Inactivo desde el verano de 2023, el australiano, cuya cima fue el número 13 del ranking ATP y aquella final de Wimbledon ante Novak Djokovic, dedicó toda la temporada pasada a labrarse una imagen distinta fuera de las pistas. Genial con una raqueta en las manos, también había protagonizado mil polémicas como tenista -escupitajos a la grada, insultos a jueces y rivales e incluso una masturbación simulada-, pero se estaba reciclando como un preciado comentarista de televisión.
El chiste sobre Kalinskaya
Su talento le permitía leer los partidos con precisión y su locuacidad, explicarlos como pocos. En el pasado Open de Australia trabajó para Eurosport -llegó a hacer entrevistas en la pista-, en Wimbledon para la BBC y en el US Open, para ESPN.
Con sólo 29 años y mientras se recuperaba de sus lesiones de muñeca y rodilla, Kyrgios se estaba convirtiendo en una estrella televisiva hasta que se descubrió el positivo de Jannik Sinner. Como muchos otros, el australiano fue muy crítico con el número uno del mundo y con la gestión del caso realizada por la ATP, pero eso no fue lo que le perjudicó.
Alastair GrantAP
Sus opiniones se mezclaron con un chiste sobre Anna Kalinskaya, ex novia del propio Kyrgios y actual pareja de Sinner, y en las últimas semanas se han convertido en un acoso constante. Por ejemplo, hace unos días Cruz Hewitt, hijo de Lleyton Hewitt, completó un entrenamiento en Melbourne junto a Sinner y Kyrgios llenó su Instagram de comentarios desagradables. "Pensaba que éramos amigos", le soltó al chaval de apenas 16 años entre emojis de jeringuillas.
La guerra con Roddick
Por ello, Kyrgios, que como comentarista estaba ganando adeptos, ha regresado a la polémica. De censor a censurado. A la espera de saber si podrá disputar este Open de Australia, para el que está clasificado con ranking protegido pese a las molestias que aún arrastra, el pasado martes fue el protagonista del último episodio del podcast del ex número uno del mundo Andy Roddick. Kyrgios había insinuado que el propio Roddick se dopó porque éste defendió a Sinner y su respuesta fue inequívoca.
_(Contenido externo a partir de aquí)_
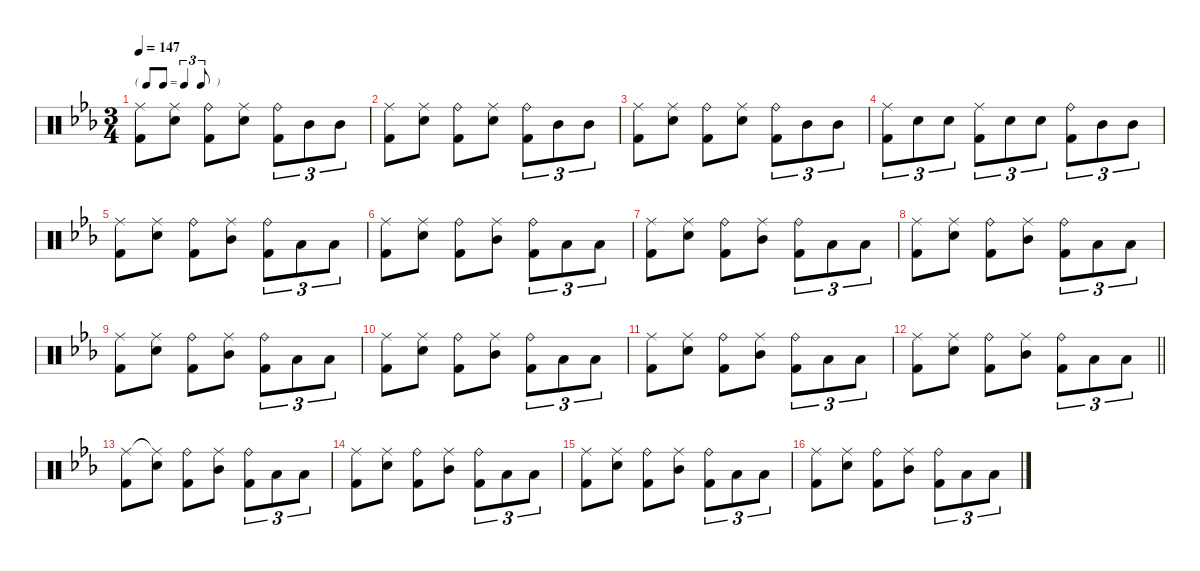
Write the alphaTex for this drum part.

\defaultSystemsLayout 4
\hideDynamics
\bracketExtendMode nobrackets
\singleTrackTrackNamePolicy hidden
\multiTrackTrackNamePolicy hidden
\firstSystemTrackNameMode fullname
\firstSystemTrackNameOrientation horizontal
\otherSystemsTrackNameOrientation horizontal
\track ("Percussion" "drm.") {defaultSystemsLayout 8 instrument percussion}
\staff {score}
\articulation defaults
\ts (3 4)
\tf triplet8th
\tempo 147
\clef neutral
\ks eb
("Ride (middle)"{acc forcenatural} "Kick (hit) 2"{acc forcenatural}).8{dy f beam Down} ("Ride (middle)"{acc forcenatural} "Snare (hit) 2"{acc forcenatural}).8{beam Down} ("Ride (bell)"{acc forcenatural} "Kick (hit) 2"{acc forcenatural}).8{beam Down} ("Ride (middle)"{acc forcenatural} "Snare (hit) 2"{acc forcenatural}).8{beam Down} ("Ride (bell)"{acc forcenatural} "Kick (hit) 2"{acc forcenatural}).8{tu (3 2) beam Down} "Mid Tom (hit)"{acc forcenatural}.8{tu (3 2) beam Down} "Mid Tom (hit)"{acc forcenatural}.8{tu (3 2) beam Down} |
("Ride (middle)"{acc forcenatural} "Kick (hit) 2"{acc forcenatural}).8{beam Down} ("Ride (middle)"{acc forcenatural} "Snare (hit) 2"{acc forcenatural}).8{beam Down} ("Ride (bell)"{acc forcenatural} "Kick (hit) 2"{acc forcenatural}).8{beam Down} ("Ride (middle)"{acc forcenatural} "Snare (hit) 2"{acc forcenatural}).8{beam Down} ("Ride (bell)"{acc forcenatural} "Kick (hit) 2"{acc forcenatural}).8{tu (3 2) beam Down} "Mid Tom (hit)"{acc forcenatural}.8{tu (3 2) beam Down} "Mid Tom (hit)"{acc forcenatural}.8{tu (3 2) beam Down} |
("Ride (middle)"{acc forcenatural} "Kick (hit) 2"{acc forcenatural}).8{beam Down} ("Ride (middle)"{acc forcenatural} "Snare (hit) 2"{acc forcenatural}).8{beam Down} ("Ride (bell)"{acc forcenatural} "Kick (hit) 2"{acc forcenatural}).8{beam Down} ("Ride (middle)"{acc forcenatural} "Snare (hit) 2"{acc forcenatural}).8{beam Down} ("Ride (bell)"{acc forcenatural} "Kick (hit) 2"{acc forcenatural}).8{tu (3 2) beam Down} "Mid Tom (hit)"{acc forcenatural}.8{tu (3 2) beam Down} "Mid Tom (hit)"{acc forcenatural}.8{tu (3 2) beam Down} |
("Ride (middle)"{acc forcenatural} "Kick (hit) 2"{acc forcenatural}).8{tu (3 2) dy mp beam Down} "Snare (hit) 2"{acc forcenatural}.8{tu (3 2) dy f beam Down} "Snare (hit) 2"{acc forcenatural}.8{tu (3 2) dy mp beam Down} ("Ride (middle)"{acc forcenatural} "Kick (hit) 2"{acc forcenatural}).8{tu (3 2) beam Down} "Snare (hit) 2"{acc forcenatural}.8{tu (3 2) dy f beam Down} "Snare (hit) 2"{acc forcenatural}.8{tu (3 2) dy mp beam Down} ("Ride (bell)"{acc forcenatural} "Kick (hit) 2"{acc forcenatural}).8{tu (3 2) dy f beam Down} "Mid Tom (hit)"{acc forcenatural}.8{tu (3 2) beam Down} "Mid Tom (hit)"{acc forcenatural}.8{tu (3 2) beam Down} |
("Ride (middle)"{acc forcenatural} "Kick (hit) 2"{acc forcenatural}).8{beam Down} ("Ride (middle)"{acc forcenatural} "Snare (hit) 2"{acc forcenatural}).8{beam Down} ("Ride (bell)"{acc forcenatural} "Kick (hit) 2"{acc forcenatural}).8{beam Down} ("Ride (middle)"{acc forcenatural} "Mid Tom (hit)"{acc forcenatural}).8{beam Down} ("Ride (bell)"{acc forcenatural} "Kick (hit) 2"{acc forcenatural}).8{tu (3 2) beam Down} "Low Floor Tom (hit)"{acc forcenatural}.8{tu (3 2) beam Down} "Low Floor Tom (hit)"{acc forcenatural}.8{tu (3 2) beam Down} |
("Ride (middle)"{acc forcenatural} "Kick (hit) 2"{acc forcenatural}).8{beam Down} ("Ride (middle)"{acc forcenatural} "Snare (hit) 2"{acc forcenatural}).8{beam Down} ("Ride (bell)"{acc forcenatural} "Kick (hit) 2"{acc forcenatural}).8{beam Down} ("Ride (middle)"{acc forcenatural} "Mid Tom (hit)"{acc forcenatural}).8{beam Down} ("Ride (bell)"{acc forcenatural} "Kick (hit) 2"{acc forcenatural}).8{tu (3 2) beam Down} "Low Floor Tom (hit)"{acc forcenatural}.8{tu (3 2) beam Down} "Low Floor Tom (hit)"{acc forcenatural}.8{tu (3 2) beam Down} |
("Ride (middle)"{acc forcenatural} "Kick (hit) 2"{acc forcenatural}).8{beam Down} ("Ride (middle)"{acc forcenatural} "Snare (hit) 2"{acc forcenatural}).8{beam Down} ("Ride (bell)"{acc forcenatural} "Kick (hit) 2"{acc forcenatural}).8{beam Down} ("Ride (middle)"{acc forcenatural} "Mid Tom (hit)"{acc forcenatural}).8{beam Down} ("Ride (bell)"{acc forcenatural} "Kick (hit) 2"{acc forcenatural}).8{tu (3 2) beam Down} "Low Floor Tom (hit)"{acc forcenatural}.8{tu (3 2) beam Down} "Low Floor Tom (hit)"{acc forcenatural}.8{tu (3 2) beam Down} |
("Ride (middle)"{acc forcenatural} "Kick (hit) 2"{acc forcenatural}).8{beam Down} ("Ride (middle)"{acc forcenatural} "Snare (hit) 2"{acc forcenatural}).8{beam Down} ("Ride (bell)"{acc forcenatural} "Kick (hit) 2"{acc forcenatural}).8{beam Down} ("Ride (middle)"{acc forcenatural} "Mid Tom (hit)"{acc forcenatural}).8{beam Down} ("Ride (bell)"{acc forcenatural} "Kick (hit) 2"{acc forcenatural}).8{tu (3 2) beam Down} "Low Floor Tom (hit)"{acc forcenatural}.8{tu (3 2) beam Down} "Low Floor Tom (hit)"{acc forcenatural}.8{tu (3 2) beam Down} |
("Ride (middle)"{acc forcenatural} "Kick (hit) 2"{acc forcenatural}).8{beam Down} ("Ride (middle)"{acc forcenatural} "Snare (hit) 2"{acc forcenatural}).8{beam Down} ("Ride (bell)"{acc forcenatural} "Kick (hit) 2"{acc forcenatural}).8{beam Down} ("Ride (middle)"{acc forcenatural} "Mid Tom (hit)"{acc forcenatural}).8{beam Down} ("Ride (bell)"{acc forcenatural} "Kick (hit) 2"{acc forcenatural}).8{tu (3 2) beam Down} "Low Floor Tom (hit)"{acc forcenatural}.8{tu (3 2) beam Down} "Low Floor Tom (hit)"{acc forcenatural}.8{tu (3 2) beam Down} |
("Ride (middle)"{acc forcenatural} "Kick (hit) 2"{acc forcenatural}).8{beam Down} ("Ride (middle)"{acc forcenatural} "Snare (hit) 2"{acc forcenatural}).8{beam Down} ("Ride (bell)"{acc forcenatural} "Kick (hit) 2"{acc forcenatural}).8{beam Down} ("Ride (middle)"{acc forcenatural} "Mid Tom (hit)"{acc forcenatural}).8{beam Down} ("Ride (bell)"{acc forcenatural} "Kick (hit) 2"{acc forcenatural}).8{tu (3 2) beam Down} "Low Floor Tom (hit)"{acc forcenatural}.8{tu (3 2) beam Down} "Low Floor Tom (hit)"{acc forcenatural}.8{tu (3 2) beam Down} |
("Ride (middle)"{acc forcenatural} "Kick (hit) 2"{acc forcenatural}).8{beam Down} ("Ride (middle)"{acc forcenatural} "Snare (hit) 2"{acc forcenatural}).8{beam Down} ("Ride (bell)"{acc forcenatural} "Kick (hit) 2"{acc forcenatural}).8{beam Down} ("Ride (middle)"{acc forcenatural} "Mid Tom (hit)"{acc forcenatural}).8{beam Down} ("Ride (bell)"{acc forcenatural} "Kick (hit) 2"{acc forcenatural}).8{tu (3 2) beam Down} "Low Floor Tom (hit)"{acc forcenatural}.8{tu (3 2) beam Down} "Low Floor Tom (hit)"{acc forcenatural}.8{tu (3 2) beam Down} |
\barLineRight lightlight
("Ride (middle)"{acc forcenatural} "Kick (hit) 2"{acc forcenatural}).8{beam Down} ("Ride (middle)"{acc forcenatural} "Snare (hit) 2"{acc forcenatural}).8{beam Down} ("Ride (bell)"{acc forcenatural} "Kick (hit) 2"{acc forcenatural}).8{beam Down} ("Ride (middle)"{acc forcenatural} "Mid Tom (hit)"{acc forcenatural}).8{beam Down} ("Ride (bell)"{acc forcenatural} "Kick (hit) 2"{acc forcenatural}).8{tu (3 2) beam Down} "Low Floor Tom (hit)"{acc forcenatural}.8{tu (3 2) beam Down} "Low Floor Tom (hit)"{acc forcenatural}.8{tu (3 2) beam Down} |
("Ride (middle)"{acc forcenatural} "Kick (hit) 2"{acc forcenatural}).8{beam Down} ("Ride (middle)"{t acc forcenatural} "Snare (hit) 2"{acc forcenatural}).8{beam Down} ("Ride (bell)"{acc forcenatural} "Kick (hit) 2"{acc forcenatural}).8{beam Down} ("Ride (middle)"{acc forcenatural} "Mid Tom (hit)"{acc forcenatural}).8{beam Down} ("Ride (bell)"{acc forcenatural} "Kick (hit) 2"{acc forcenatural}).8{tu (3 2) beam Down} "Low Floor Tom (hit)"{acc forcenatural}.8{tu (3 2) beam Down} "Low Floor Tom (hit)"{acc forcenatural}.8{tu (3 2) beam Down} |
("Ride (middle)"{acc forcenatural} "Kick (hit) 2"{acc forcenatural}).8{beam Down} ("Ride (middle)"{acc forcenatural} "Snare (hit) 2"{acc forcenatural}).8{beam Down} ("Ride (bell)"{acc forcenatural} "Kick (hit) 2"{acc forcenatural}).8{beam Down} ("Ride (middle)"{acc forcenatural} "Mid Tom (hit)"{acc forcenatural}).8{beam Down} ("Ride (bell)"{acc forcenatural} "Kick (hit) 2"{acc forcenatural}).8{tu (3 2) beam Down} "Low Floor Tom (hit)"{acc forcenatural}.8{tu (3 2) beam Down} "Low Floor Tom (hit)"{acc forcenatural}.8{tu (3 2) beam Down} |
("Ride (middle)"{acc forcenatural} "Kick (hit) 2"{acc forcenatural}).8{beam Down} ("Ride (middle)"{acc forcenatural} "Snare (hit) 2"{acc forcenatural}).8{beam Down} ("Ride (bell)"{acc forcenatural} "Kick (hit) 2"{acc forcenatural}).8{beam Down} ("Ride (middle)"{acc forcenatural} "Mid Tom (hit)"{acc forcenatural}).8{beam Down} ("Ride (bell)"{acc forcenatural} "Kick (hit) 2"{acc forcenatural}).8{tu (3 2) beam Down} "Low Floor Tom (hit)"{acc forcenatural}.8{tu (3 2) beam Down} "Low Floor Tom (hit)"{acc forcenatural}.8{tu (3 2) beam Down} |
("Ride (middle)"{acc forcenatural} "Kick (hit) 2"{acc forcenatural}).8{beam Down} ("Ride (middle)"{acc forcenatural} "Snare (hit) 2"{acc forcenatural}).8{beam Down} ("Ride (bell)"{acc forcenatural} "Kick (hit) 2"{acc forcenatural}).8{beam Down} ("Ride (middle)"{acc forcenatural} "Mid Tom (hit)"{acc forcenatural}).8{beam Down} ("Ride (bell)"{acc forcenatural} "Kick (hit) 2"{acc forcenatural}).8{tu (3 2) beam Down} "Low Floor Tom (hit)"{acc forcenatural}.8{tu (3 2) beam Down} "Low Floor Tom (hit)"{acc forcenatural}.8{tu (3 2) beam Down}

"Nick necesita los me gusta, necesita las interacciones. Ahora mismo es un influencer de tenis. Vive por y para los me gusta, por y para la sección de comentarios. Se siente guay, claro. Es uno de los tenistas más talentosos que he visto en mi vida, pero es un hipócrita cuando juzga a la gente", apuntó Roddick que no dudó en recordar que años atrás Kyrgios se declaró culpable de agredir a una ex novia, Chiara Passari: "Es alguien que se ha declarado culpable de agredir sexualmente a tu novia, y quiere que la gente entienda su contexto, diciendo que estaba en un mal momento, que tomaba drogas. Siempre será el tipo que se declaró culpable de agredir a una mujer".
El próximo lunes a las 14.00 horas, quizá 10 o quizá 100 seguidores se acercarán al concurso de imitadores de Kyrgios, pero seguirá siendo el tenista más controvertido del mundo.